Description of the task:
Would you output all the lines below precisely as they stand, leaving each picture out?

The records Block Start

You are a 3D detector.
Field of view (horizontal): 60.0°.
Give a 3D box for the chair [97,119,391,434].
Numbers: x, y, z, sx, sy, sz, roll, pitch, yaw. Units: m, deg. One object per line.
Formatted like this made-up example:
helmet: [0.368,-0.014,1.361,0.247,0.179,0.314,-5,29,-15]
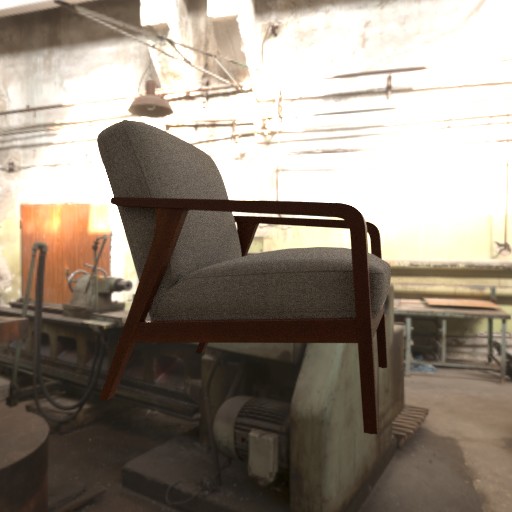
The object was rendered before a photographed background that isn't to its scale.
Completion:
chair: [0.000,0.000,1.493,0.858,0.847,0.704,0,1,19]
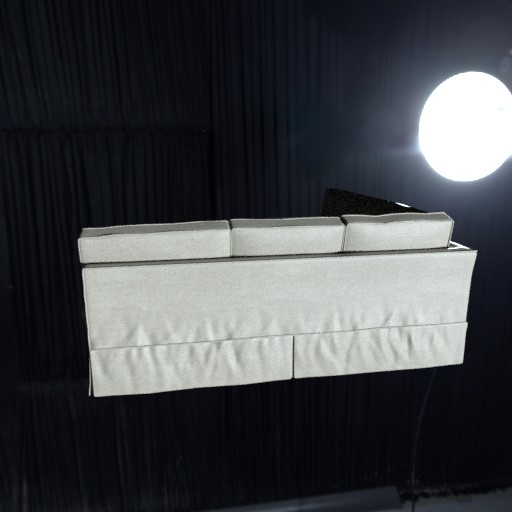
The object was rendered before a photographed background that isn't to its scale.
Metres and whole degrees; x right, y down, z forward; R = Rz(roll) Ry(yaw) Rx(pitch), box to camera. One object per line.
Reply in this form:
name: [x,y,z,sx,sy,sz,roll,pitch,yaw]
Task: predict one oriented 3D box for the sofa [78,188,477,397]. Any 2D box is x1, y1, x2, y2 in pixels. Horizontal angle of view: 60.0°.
sofa: [0.000,0.000,4.097,2.623,1.081,2.618,-2,14,-10]
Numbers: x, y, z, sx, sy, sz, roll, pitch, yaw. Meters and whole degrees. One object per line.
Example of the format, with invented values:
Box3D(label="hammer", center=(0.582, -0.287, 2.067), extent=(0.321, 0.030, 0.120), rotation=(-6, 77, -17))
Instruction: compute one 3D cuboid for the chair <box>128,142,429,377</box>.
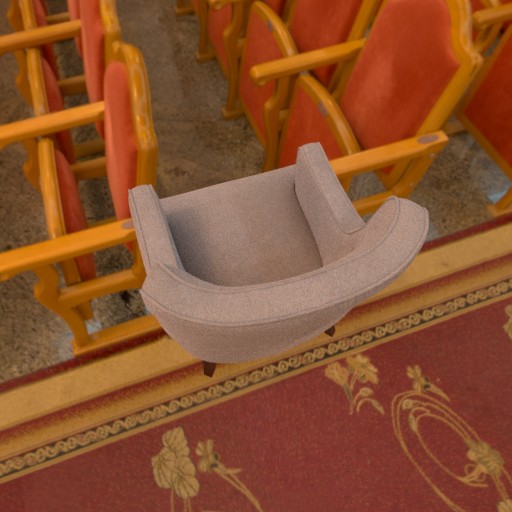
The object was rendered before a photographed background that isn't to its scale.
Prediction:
Box3D(label="chair", center=(0.000, 0.000, 1.610), extent=(0.781, 0.919, 0.910), rotation=(-16, 59, -10))
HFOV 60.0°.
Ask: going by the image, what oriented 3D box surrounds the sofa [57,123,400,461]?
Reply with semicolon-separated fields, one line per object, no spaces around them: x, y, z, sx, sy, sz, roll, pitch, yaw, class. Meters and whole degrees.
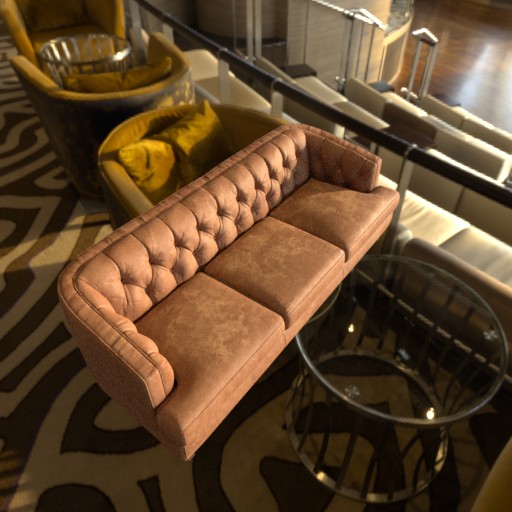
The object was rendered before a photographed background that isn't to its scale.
0.000;0.000;2.727;0.922;0.791;2.257;27;49;26;sofa

The records Block End

Reply to the exercise:
You are a 3D detector.
Field of view (horizontal): 60.0°.
Give a 3D box for the chair [97,119,391,434].
Numbers: x, y, z, sx, sy, sz, roll, pitch, yaw. Units: m, deg. One object per line.
Formatted like this made-up example:
helmet: [0.368,-0.014,1.361,0.247,0.179,0.314,-5,29,-15]
The object was rendered before a photographed background that isn't to its scale.
Completion:
chair: [0.000,0.000,1.493,0.858,0.847,0.704,0,1,19]
The object was rendered before a photographed background that isn't to its scale.
Metres and whole degrees; x right, y down, z forward; R = Rz(roll) Ry(yaw) Rx(pitch), box to camera. One object per line.
Reply in this form:
name: [x,y,z,sx,sy,sz,roll,pitch,yaw]
Task: predict one oriented 3D box for the sofa [78,188,477,397]. Any 2D box is x1, y1, x2, y2 in pixels. Horizontal angle of view: 60.0°.
sofa: [0.000,0.000,4.097,2.623,1.081,2.618,-2,14,-10]
Numbers: x, y, z, sx, sy, sz, roll, pitch, yaw. Meters and whole degrees. One object per line.
Example of the format, with invented values:
Box3D(label="hammer", center=(0.582, -0.287, 2.067), extent=(0.321, 0.030, 0.120), rotation=(-6, 77, -17))
Instruction: compute one 3D cuboid for the chair <box>128,142,429,377</box>.
The object was rendered before a photographed background that isn't to its scale.
Prediction:
Box3D(label="chair", center=(0.000, 0.000, 1.610), extent=(0.781, 0.919, 0.910), rotation=(-16, 59, -10))
HFOV 60.0°.
Ask: going by the image, what oriented 3D box surrounds the sofa [57,123,400,461]?
Reply with semicolon-separated fields, one line per object, no spaces around them: x, y, z, sx, sy, sz, roll, pitch, yaw, class. Meters and whole degrees.
The object was rendered before a photographed background that isn't to its scale.
0.000;0.000;2.727;0.922;0.791;2.257;27;49;26;sofa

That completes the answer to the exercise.